Q1. In pharmaceutical optimization, the objective function typically represents:
- A set of fixed experimental conditions that cannot be altered
- A qualitative descriptor of product appearance
- A quantitative response (e.g., % drug released) to be maximized or minimized
- A regulatory guideline for clinical endpoints
Correct Answer: A quantitative response (e.g., % drug released) to be maximized or minimized
Q2. In Design of Experiments (DoE), the terms “factors” and “responses” most accurately refer to:
- Dependent variables and control limits, respectively
- Independent variables under investigator control and measured outcomes, respectively
- Noise variables and nuisance parameters, respectively
- Latent variables and derived variables, respectively
Correct Answer: Independent variables under investigator control and measured outcomes, respectively
Q3. Which design is most efficient for fitting a second-order model with three factors without requiring extreme axial points?
- Central Composite Design (CCD)
- Box–Behnken Design (BBD)
- Plackett–Burman Design
- Full factorial 2³ design
Correct Answer: Box–Behnken Design (BBD)
Q4. In a Central Composite Design with k factors, the rotatability condition is achieved by setting the axial distance (α) to:
- α = 2k
- α = √k
- α = (2^k)^(1/4)
- α = 1/k
Correct Answer: α = (2^k)^(1/4)
Q5. What is the fundamental constraint in mixture experiments used for formulation optimization?
- Each component must be present at equal levels
- The sum of component proportions equals 1 (or 100%)
- All factors must be orthogonal
- Total variance must be minimized
Correct Answer: The sum of component proportions equals 1 (or 100%)
Q6. In multi-response optimization using desirability functions, the overall desirability (D) is typically computed as:
- The arithmetic mean of individual desirabilities
- The minimum of individual desirabilities
- The geometric mean: D = (d1 × d2 × … × dm)^(1/m)
- The sum of squared desirabilities
Correct Answer: The geometric mean: D = (d1 × d2 × … × dm)^(1/m)
Q7. Which metric best reflects the predictive performance of an RSM model for new observations?
- Coefficient of determination (R²)
- Adjusted R²
- Predicted R² (based on PRESS)
- Mean of residuals
Correct Answer: Predicted R² (based on PRESS)

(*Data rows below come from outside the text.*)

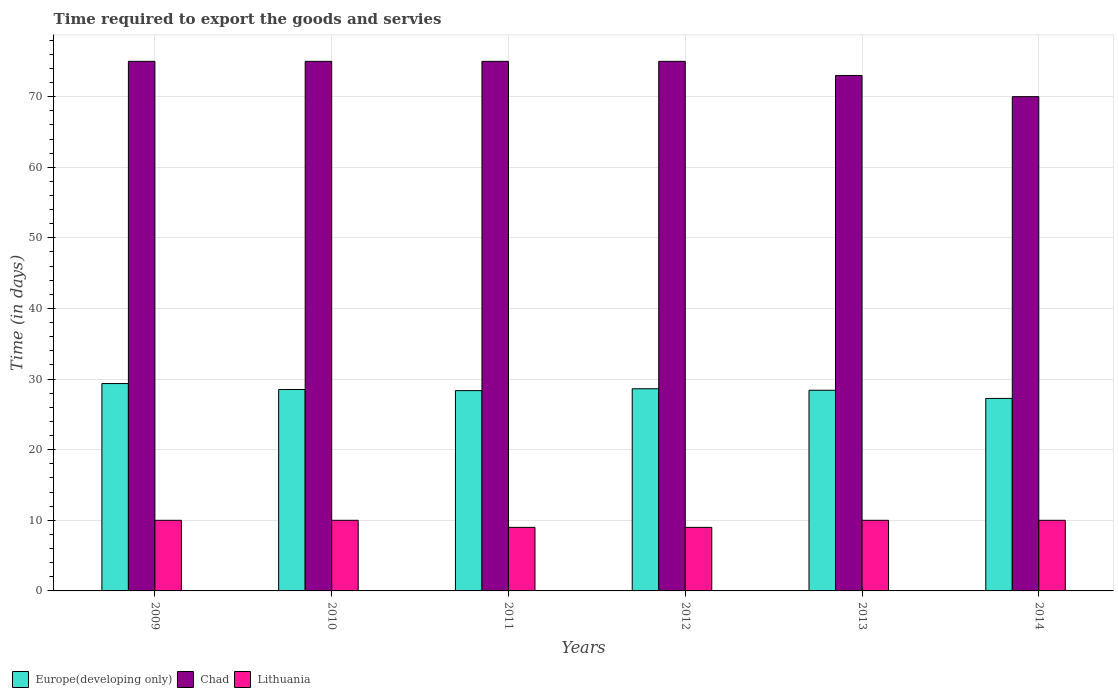How many different coloured bars are there?
Offer a terse response. 3. Are the number of bars per tick equal to the number of legend labels?
Make the answer very short. Yes. How many bars are there on the 6th tick from the left?
Provide a succinct answer. 3. How many bars are there on the 1st tick from the right?
Your answer should be very brief. 3. What is the number of days required to export the goods and services in Europe(developing only) in 2010?
Offer a terse response. 28.53. Across all years, what is the maximum number of days required to export the goods and services in Chad?
Your answer should be very brief. 75. Across all years, what is the minimum number of days required to export the goods and services in Europe(developing only)?
Provide a succinct answer. 27.26. In which year was the number of days required to export the goods and services in Chad minimum?
Make the answer very short. 2014. What is the total number of days required to export the goods and services in Chad in the graph?
Ensure brevity in your answer.  443. What is the difference between the number of days required to export the goods and services in Europe(developing only) in 2011 and that in 2014?
Provide a short and direct response. 1.11. What is the difference between the number of days required to export the goods and services in Chad in 2011 and the number of days required to export the goods and services in Europe(developing only) in 2013?
Provide a short and direct response. 46.58. What is the average number of days required to export the goods and services in Europe(developing only) per year?
Keep it short and to the point. 28.43. In the year 2014, what is the difference between the number of days required to export the goods and services in Europe(developing only) and number of days required to export the goods and services in Chad?
Your answer should be compact. -42.74. What is the ratio of the number of days required to export the goods and services in Chad in 2012 to that in 2014?
Make the answer very short. 1.07. Is the number of days required to export the goods and services in Europe(developing only) in 2010 less than that in 2012?
Keep it short and to the point. Yes. Is the difference between the number of days required to export the goods and services in Europe(developing only) in 2010 and 2011 greater than the difference between the number of days required to export the goods and services in Chad in 2010 and 2011?
Keep it short and to the point. Yes. What is the difference between the highest and the second highest number of days required to export the goods and services in Europe(developing only)?
Provide a short and direct response. 0.74. What is the difference between the highest and the lowest number of days required to export the goods and services in Lithuania?
Ensure brevity in your answer.  1. Is the sum of the number of days required to export the goods and services in Chad in 2009 and 2013 greater than the maximum number of days required to export the goods and services in Lithuania across all years?
Offer a terse response. Yes. What does the 3rd bar from the left in 2009 represents?
Make the answer very short. Lithuania. What does the 1st bar from the right in 2010 represents?
Offer a terse response. Lithuania. What is the difference between two consecutive major ticks on the Y-axis?
Keep it short and to the point. 10. Does the graph contain any zero values?
Your response must be concise. No. How many legend labels are there?
Ensure brevity in your answer.  3. What is the title of the graph?
Offer a very short reply. Time required to export the goods and servies. Does "Central Europe" appear as one of the legend labels in the graph?
Offer a terse response. No. What is the label or title of the X-axis?
Provide a succinct answer. Years. What is the label or title of the Y-axis?
Your response must be concise. Time (in days). What is the Time (in days) of Europe(developing only) in 2009?
Give a very brief answer. 29.37. What is the Time (in days) of Europe(developing only) in 2010?
Offer a terse response. 28.53. What is the Time (in days) of Chad in 2010?
Offer a terse response. 75. What is the Time (in days) in Lithuania in 2010?
Give a very brief answer. 10. What is the Time (in days) of Europe(developing only) in 2011?
Provide a short and direct response. 28.37. What is the Time (in days) of Europe(developing only) in 2012?
Ensure brevity in your answer.  28.63. What is the Time (in days) of Europe(developing only) in 2013?
Your answer should be very brief. 28.42. What is the Time (in days) in Chad in 2013?
Your answer should be very brief. 73. What is the Time (in days) in Europe(developing only) in 2014?
Offer a very short reply. 27.26. Across all years, what is the maximum Time (in days) of Europe(developing only)?
Your answer should be compact. 29.37. Across all years, what is the maximum Time (in days) of Chad?
Make the answer very short. 75. Across all years, what is the minimum Time (in days) in Europe(developing only)?
Offer a very short reply. 27.26. Across all years, what is the minimum Time (in days) in Lithuania?
Give a very brief answer. 9. What is the total Time (in days) of Europe(developing only) in the graph?
Your answer should be compact. 170.58. What is the total Time (in days) in Chad in the graph?
Make the answer very short. 443. What is the total Time (in days) of Lithuania in the graph?
Offer a very short reply. 58. What is the difference between the Time (in days) of Europe(developing only) in 2009 and that in 2010?
Offer a terse response. 0.84. What is the difference between the Time (in days) in Europe(developing only) in 2009 and that in 2011?
Make the answer very short. 1. What is the difference between the Time (in days) of Lithuania in 2009 and that in 2011?
Your answer should be very brief. 1. What is the difference between the Time (in days) of Europe(developing only) in 2009 and that in 2012?
Your answer should be compact. 0.74. What is the difference between the Time (in days) of Chad in 2009 and that in 2013?
Offer a terse response. 2. What is the difference between the Time (in days) of Lithuania in 2009 and that in 2013?
Your response must be concise. 0. What is the difference between the Time (in days) of Europe(developing only) in 2009 and that in 2014?
Ensure brevity in your answer.  2.11. What is the difference between the Time (in days) in Chad in 2009 and that in 2014?
Provide a succinct answer. 5. What is the difference between the Time (in days) in Europe(developing only) in 2010 and that in 2011?
Offer a very short reply. 0.16. What is the difference between the Time (in days) of Chad in 2010 and that in 2011?
Offer a very short reply. 0. What is the difference between the Time (in days) in Europe(developing only) in 2010 and that in 2012?
Offer a terse response. -0.11. What is the difference between the Time (in days) of Europe(developing only) in 2010 and that in 2013?
Offer a terse response. 0.11. What is the difference between the Time (in days) of Chad in 2010 and that in 2013?
Offer a terse response. 2. What is the difference between the Time (in days) of Lithuania in 2010 and that in 2013?
Your response must be concise. 0. What is the difference between the Time (in days) in Europe(developing only) in 2010 and that in 2014?
Offer a very short reply. 1.26. What is the difference between the Time (in days) in Chad in 2010 and that in 2014?
Give a very brief answer. 5. What is the difference between the Time (in days) of Europe(developing only) in 2011 and that in 2012?
Provide a short and direct response. -0.26. What is the difference between the Time (in days) of Europe(developing only) in 2011 and that in 2013?
Your answer should be compact. -0.05. What is the difference between the Time (in days) of Lithuania in 2011 and that in 2013?
Your response must be concise. -1. What is the difference between the Time (in days) in Europe(developing only) in 2011 and that in 2014?
Keep it short and to the point. 1.11. What is the difference between the Time (in days) in Europe(developing only) in 2012 and that in 2013?
Your response must be concise. 0.21. What is the difference between the Time (in days) of Chad in 2012 and that in 2013?
Make the answer very short. 2. What is the difference between the Time (in days) of Europe(developing only) in 2012 and that in 2014?
Make the answer very short. 1.37. What is the difference between the Time (in days) of Chad in 2012 and that in 2014?
Your answer should be very brief. 5. What is the difference between the Time (in days) of Lithuania in 2012 and that in 2014?
Provide a succinct answer. -1. What is the difference between the Time (in days) in Europe(developing only) in 2013 and that in 2014?
Provide a short and direct response. 1.16. What is the difference between the Time (in days) in Lithuania in 2013 and that in 2014?
Your answer should be very brief. 0. What is the difference between the Time (in days) of Europe(developing only) in 2009 and the Time (in days) of Chad in 2010?
Your answer should be very brief. -45.63. What is the difference between the Time (in days) in Europe(developing only) in 2009 and the Time (in days) in Lithuania in 2010?
Provide a short and direct response. 19.37. What is the difference between the Time (in days) in Europe(developing only) in 2009 and the Time (in days) in Chad in 2011?
Ensure brevity in your answer.  -45.63. What is the difference between the Time (in days) in Europe(developing only) in 2009 and the Time (in days) in Lithuania in 2011?
Your answer should be compact. 20.37. What is the difference between the Time (in days) of Chad in 2009 and the Time (in days) of Lithuania in 2011?
Offer a very short reply. 66. What is the difference between the Time (in days) of Europe(developing only) in 2009 and the Time (in days) of Chad in 2012?
Provide a succinct answer. -45.63. What is the difference between the Time (in days) in Europe(developing only) in 2009 and the Time (in days) in Lithuania in 2012?
Your answer should be very brief. 20.37. What is the difference between the Time (in days) of Chad in 2009 and the Time (in days) of Lithuania in 2012?
Give a very brief answer. 66. What is the difference between the Time (in days) in Europe(developing only) in 2009 and the Time (in days) in Chad in 2013?
Offer a terse response. -43.63. What is the difference between the Time (in days) of Europe(developing only) in 2009 and the Time (in days) of Lithuania in 2013?
Your answer should be compact. 19.37. What is the difference between the Time (in days) in Europe(developing only) in 2009 and the Time (in days) in Chad in 2014?
Offer a terse response. -40.63. What is the difference between the Time (in days) of Europe(developing only) in 2009 and the Time (in days) of Lithuania in 2014?
Provide a short and direct response. 19.37. What is the difference between the Time (in days) of Chad in 2009 and the Time (in days) of Lithuania in 2014?
Provide a succinct answer. 65. What is the difference between the Time (in days) of Europe(developing only) in 2010 and the Time (in days) of Chad in 2011?
Offer a terse response. -46.47. What is the difference between the Time (in days) in Europe(developing only) in 2010 and the Time (in days) in Lithuania in 2011?
Make the answer very short. 19.53. What is the difference between the Time (in days) of Chad in 2010 and the Time (in days) of Lithuania in 2011?
Give a very brief answer. 66. What is the difference between the Time (in days) in Europe(developing only) in 2010 and the Time (in days) in Chad in 2012?
Ensure brevity in your answer.  -46.47. What is the difference between the Time (in days) of Europe(developing only) in 2010 and the Time (in days) of Lithuania in 2012?
Offer a very short reply. 19.53. What is the difference between the Time (in days) in Chad in 2010 and the Time (in days) in Lithuania in 2012?
Keep it short and to the point. 66. What is the difference between the Time (in days) of Europe(developing only) in 2010 and the Time (in days) of Chad in 2013?
Provide a short and direct response. -44.47. What is the difference between the Time (in days) in Europe(developing only) in 2010 and the Time (in days) in Lithuania in 2013?
Your response must be concise. 18.53. What is the difference between the Time (in days) in Europe(developing only) in 2010 and the Time (in days) in Chad in 2014?
Your answer should be compact. -41.47. What is the difference between the Time (in days) in Europe(developing only) in 2010 and the Time (in days) in Lithuania in 2014?
Ensure brevity in your answer.  18.53. What is the difference between the Time (in days) of Chad in 2010 and the Time (in days) of Lithuania in 2014?
Provide a short and direct response. 65. What is the difference between the Time (in days) in Europe(developing only) in 2011 and the Time (in days) in Chad in 2012?
Keep it short and to the point. -46.63. What is the difference between the Time (in days) in Europe(developing only) in 2011 and the Time (in days) in Lithuania in 2012?
Provide a short and direct response. 19.37. What is the difference between the Time (in days) of Europe(developing only) in 2011 and the Time (in days) of Chad in 2013?
Make the answer very short. -44.63. What is the difference between the Time (in days) of Europe(developing only) in 2011 and the Time (in days) of Lithuania in 2013?
Keep it short and to the point. 18.37. What is the difference between the Time (in days) of Europe(developing only) in 2011 and the Time (in days) of Chad in 2014?
Make the answer very short. -41.63. What is the difference between the Time (in days) in Europe(developing only) in 2011 and the Time (in days) in Lithuania in 2014?
Offer a terse response. 18.37. What is the difference between the Time (in days) of Chad in 2011 and the Time (in days) of Lithuania in 2014?
Your answer should be compact. 65. What is the difference between the Time (in days) in Europe(developing only) in 2012 and the Time (in days) in Chad in 2013?
Your answer should be very brief. -44.37. What is the difference between the Time (in days) in Europe(developing only) in 2012 and the Time (in days) in Lithuania in 2013?
Offer a very short reply. 18.63. What is the difference between the Time (in days) in Europe(developing only) in 2012 and the Time (in days) in Chad in 2014?
Give a very brief answer. -41.37. What is the difference between the Time (in days) in Europe(developing only) in 2012 and the Time (in days) in Lithuania in 2014?
Your response must be concise. 18.63. What is the difference between the Time (in days) in Europe(developing only) in 2013 and the Time (in days) in Chad in 2014?
Provide a succinct answer. -41.58. What is the difference between the Time (in days) of Europe(developing only) in 2013 and the Time (in days) of Lithuania in 2014?
Your answer should be compact. 18.42. What is the average Time (in days) in Europe(developing only) per year?
Ensure brevity in your answer.  28.43. What is the average Time (in days) in Chad per year?
Make the answer very short. 73.83. What is the average Time (in days) in Lithuania per year?
Your response must be concise. 9.67. In the year 2009, what is the difference between the Time (in days) of Europe(developing only) and Time (in days) of Chad?
Ensure brevity in your answer.  -45.63. In the year 2009, what is the difference between the Time (in days) in Europe(developing only) and Time (in days) in Lithuania?
Ensure brevity in your answer.  19.37. In the year 2009, what is the difference between the Time (in days) in Chad and Time (in days) in Lithuania?
Ensure brevity in your answer.  65. In the year 2010, what is the difference between the Time (in days) of Europe(developing only) and Time (in days) of Chad?
Offer a terse response. -46.47. In the year 2010, what is the difference between the Time (in days) of Europe(developing only) and Time (in days) of Lithuania?
Provide a succinct answer. 18.53. In the year 2011, what is the difference between the Time (in days) of Europe(developing only) and Time (in days) of Chad?
Your response must be concise. -46.63. In the year 2011, what is the difference between the Time (in days) of Europe(developing only) and Time (in days) of Lithuania?
Make the answer very short. 19.37. In the year 2011, what is the difference between the Time (in days) of Chad and Time (in days) of Lithuania?
Make the answer very short. 66. In the year 2012, what is the difference between the Time (in days) in Europe(developing only) and Time (in days) in Chad?
Offer a terse response. -46.37. In the year 2012, what is the difference between the Time (in days) in Europe(developing only) and Time (in days) in Lithuania?
Your answer should be compact. 19.63. In the year 2013, what is the difference between the Time (in days) in Europe(developing only) and Time (in days) in Chad?
Keep it short and to the point. -44.58. In the year 2013, what is the difference between the Time (in days) in Europe(developing only) and Time (in days) in Lithuania?
Provide a short and direct response. 18.42. In the year 2013, what is the difference between the Time (in days) in Chad and Time (in days) in Lithuania?
Keep it short and to the point. 63. In the year 2014, what is the difference between the Time (in days) in Europe(developing only) and Time (in days) in Chad?
Make the answer very short. -42.74. In the year 2014, what is the difference between the Time (in days) of Europe(developing only) and Time (in days) of Lithuania?
Provide a short and direct response. 17.26. In the year 2014, what is the difference between the Time (in days) in Chad and Time (in days) in Lithuania?
Your answer should be compact. 60. What is the ratio of the Time (in days) in Europe(developing only) in 2009 to that in 2010?
Offer a very short reply. 1.03. What is the ratio of the Time (in days) of Chad in 2009 to that in 2010?
Keep it short and to the point. 1. What is the ratio of the Time (in days) in Lithuania in 2009 to that in 2010?
Provide a succinct answer. 1. What is the ratio of the Time (in days) of Europe(developing only) in 2009 to that in 2011?
Your answer should be very brief. 1.04. What is the ratio of the Time (in days) of Europe(developing only) in 2009 to that in 2012?
Provide a succinct answer. 1.03. What is the ratio of the Time (in days) in Chad in 2009 to that in 2012?
Provide a succinct answer. 1. What is the ratio of the Time (in days) in Lithuania in 2009 to that in 2012?
Offer a terse response. 1.11. What is the ratio of the Time (in days) of Europe(developing only) in 2009 to that in 2013?
Keep it short and to the point. 1.03. What is the ratio of the Time (in days) of Chad in 2009 to that in 2013?
Ensure brevity in your answer.  1.03. What is the ratio of the Time (in days) in Europe(developing only) in 2009 to that in 2014?
Offer a terse response. 1.08. What is the ratio of the Time (in days) of Chad in 2009 to that in 2014?
Your response must be concise. 1.07. What is the ratio of the Time (in days) in Lithuania in 2009 to that in 2014?
Keep it short and to the point. 1. What is the ratio of the Time (in days) in Europe(developing only) in 2010 to that in 2011?
Provide a succinct answer. 1.01. What is the ratio of the Time (in days) in Chad in 2010 to that in 2011?
Your response must be concise. 1. What is the ratio of the Time (in days) in Lithuania in 2010 to that in 2011?
Your response must be concise. 1.11. What is the ratio of the Time (in days) in Lithuania in 2010 to that in 2012?
Ensure brevity in your answer.  1.11. What is the ratio of the Time (in days) of Europe(developing only) in 2010 to that in 2013?
Provide a short and direct response. 1. What is the ratio of the Time (in days) of Chad in 2010 to that in 2013?
Make the answer very short. 1.03. What is the ratio of the Time (in days) in Europe(developing only) in 2010 to that in 2014?
Keep it short and to the point. 1.05. What is the ratio of the Time (in days) of Chad in 2010 to that in 2014?
Ensure brevity in your answer.  1.07. What is the ratio of the Time (in days) of Europe(developing only) in 2011 to that in 2013?
Your answer should be very brief. 1. What is the ratio of the Time (in days) in Chad in 2011 to that in 2013?
Your response must be concise. 1.03. What is the ratio of the Time (in days) in Europe(developing only) in 2011 to that in 2014?
Ensure brevity in your answer.  1.04. What is the ratio of the Time (in days) of Chad in 2011 to that in 2014?
Provide a succinct answer. 1.07. What is the ratio of the Time (in days) in Europe(developing only) in 2012 to that in 2013?
Ensure brevity in your answer.  1.01. What is the ratio of the Time (in days) in Chad in 2012 to that in 2013?
Your answer should be compact. 1.03. What is the ratio of the Time (in days) in Europe(developing only) in 2012 to that in 2014?
Make the answer very short. 1.05. What is the ratio of the Time (in days) in Chad in 2012 to that in 2014?
Provide a short and direct response. 1.07. What is the ratio of the Time (in days) in Europe(developing only) in 2013 to that in 2014?
Your answer should be compact. 1.04. What is the ratio of the Time (in days) in Chad in 2013 to that in 2014?
Your answer should be compact. 1.04. What is the difference between the highest and the second highest Time (in days) of Europe(developing only)?
Ensure brevity in your answer.  0.74. What is the difference between the highest and the lowest Time (in days) in Europe(developing only)?
Offer a terse response. 2.11. What is the difference between the highest and the lowest Time (in days) in Lithuania?
Ensure brevity in your answer.  1.

Q8. In a 2ᵏ factorial design augmented with center points, statistical evidence of curvature is obtained by:
- Comparing block means by t-test
- A curvature test based on the difference between center point mean and factorial point mean
- Computing only the main effects
- Using a normal probability plot of residuals
Correct Answer: A curvature test based on the difference between center point mean and factorial point mean
Q9. Which fractional factorial design resolution allows two-factor interactions to be estimated unconfounded with main effects and with each other?
- Resolution III
- Resolution IV
- Resolution V
- Resolution II
Correct Answer: Resolution V
Q10. For Taguchi’s “larger-the-better” quality characteristic, the signal-to-noise (S/N) ratio is calculated as:
- S/N = −10 log10[(1/n) Σ(1/yi²)]
- S/N = −10 log10[(1/n) Σ(yi)]
- S/N = −10 log10[(1/n) Σ(yi − ȳ)²]
- S/N = −10 log10[(1/n) Σ|yi|]
Correct Answer: S/N = −10 log10[(1/n) Σ(1/yi²)]
Q11. The method of steepest ascent (or descent) in RSM is primarily used to:
- Fit a second-order polynomial model directly
- Move iteratively in the direction of maximum increase (or decrease) of the response
- Reduce multicollinearity among factors
- Estimate lack-of-fit error
Correct Answer: Move iteratively in the direction of maximum increase (or decrease) of the response
Q12. A Box–Cox transformation is most appropriately applied to:
- Stabilize variance and improve normality of residuals
- Increase model degrees of freedom
- Alter factor levels to extended ranges
- Orthogonalize correlated factors
Correct Answer: Stabilize variance and improve normality of residuals
Q13. In canonical analysis of a second-order response surface, a saddle point is indicated when:
- All eigenvalues of the Hessian are positive
- All eigenvalues of the Hessian are negative
- Eigenvalues are of mixed signs
- The gradient vector is zero and the intercept is non-zero
Correct Answer: Eigenvalues are of mixed signs
Q14. Due to the mixture constraint, which term is typically omitted in canonical mixture models (e.g., Scheffé polynomials)?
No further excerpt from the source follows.